UPDATE (Saturday morning): The creek rose. Ivan has caused the worst flooding here since Agnes in 1972. The Plummer’s Hollow Road is still there – barely. Several portions are channelized too deeply for auto traffic, however. In addition, the river is over the highway at the bottom of the mountain. It looks as if I’ll be backpacking in groceries for a little while. Oddly, we never lost power.

Brothers’ keepers

On Saturday, I emceed a “Poets for Peace” reading in State College, inspired in part by Sam Hamill’s call for an International Day of Poetry on September 11. Turnout was good, despite zero coverage in the local media. (Saturday’s edition of the major newspaper in the area had a special section on “What the Flag Means to Me.”)

The format was open-mike; I read first so as to give more people time to arrive. I was going to start out with one of Vallejo’s posthumous poems, “Y si después de tántas palabras,” but decided at the last moment that the Clayton Eshleman translation wasn’t all that good and I didn’t have time to improve on it. So instead I just read two of my own, recent poems written for this blog that happened to have taken their titles from pop songs: “Both Sides Now” and “From a Distance.”

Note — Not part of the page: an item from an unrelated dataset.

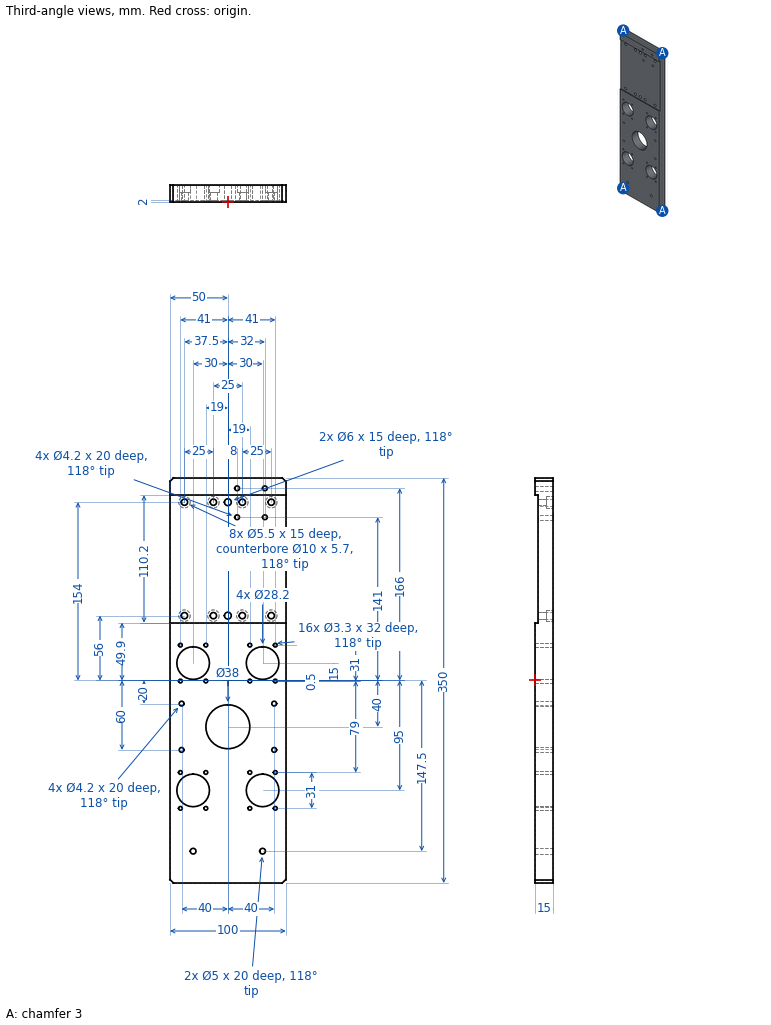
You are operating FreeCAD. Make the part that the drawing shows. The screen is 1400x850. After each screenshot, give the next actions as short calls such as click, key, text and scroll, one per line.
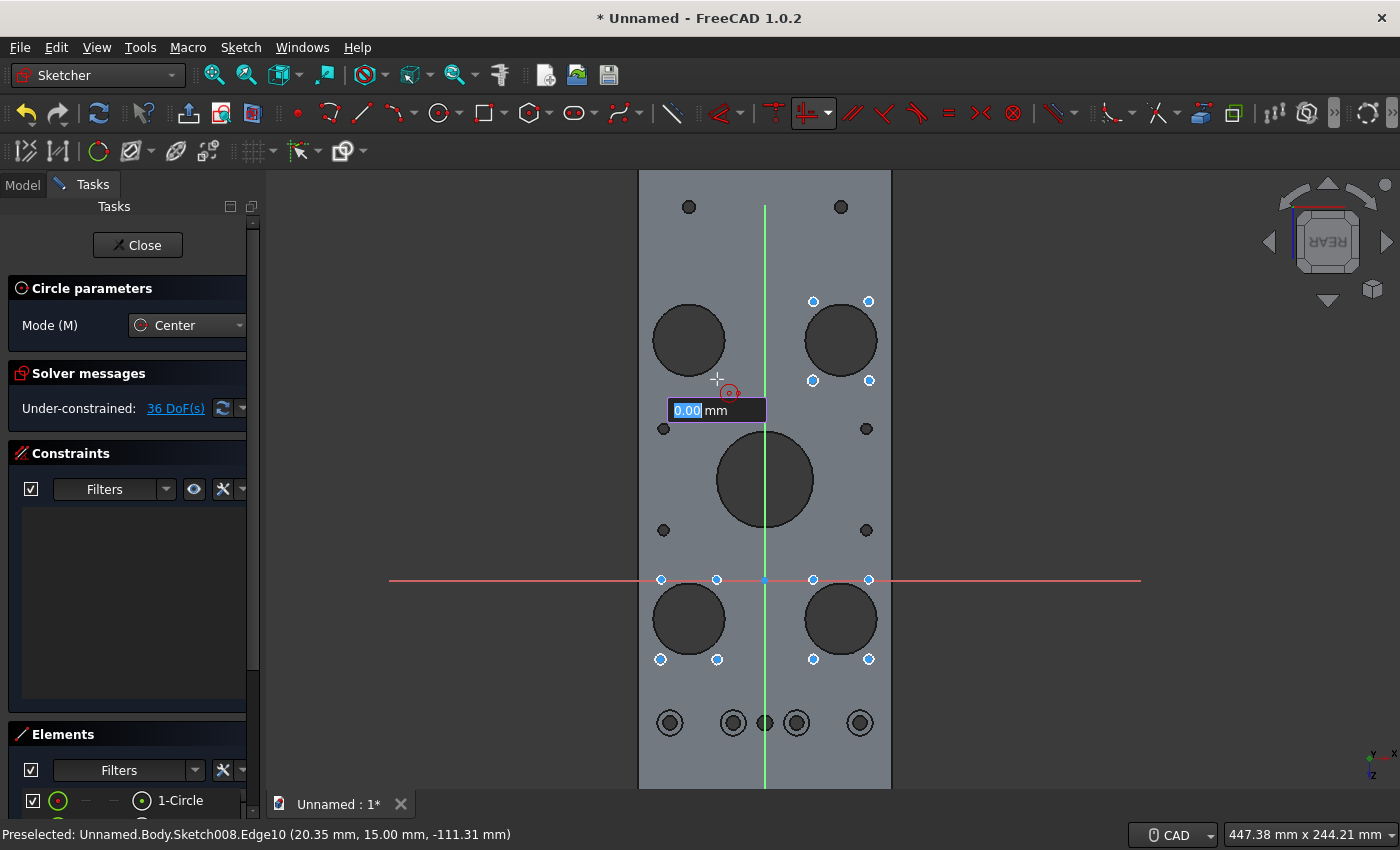
scroll(720, 377, up, 7)

Over the next hour and a half, fifteen other people read from their own and others’ works. There was a healthy mix of ages, backgrounds (including the mayor, in an unofficial capacity) and styles of writing and delivery. I was struck by the happenstance that two different nurses, Corene Johnston and Joann Condellone, read poems they’d written. Both were older women who had organized poetry groups in their respective communitites (Bellefonte and Huntingdon), and both felt that peace must be sought in the messy details of ordinary human life. How many other such unsung emissaries for peace and poetry are working in our midst, one wonders?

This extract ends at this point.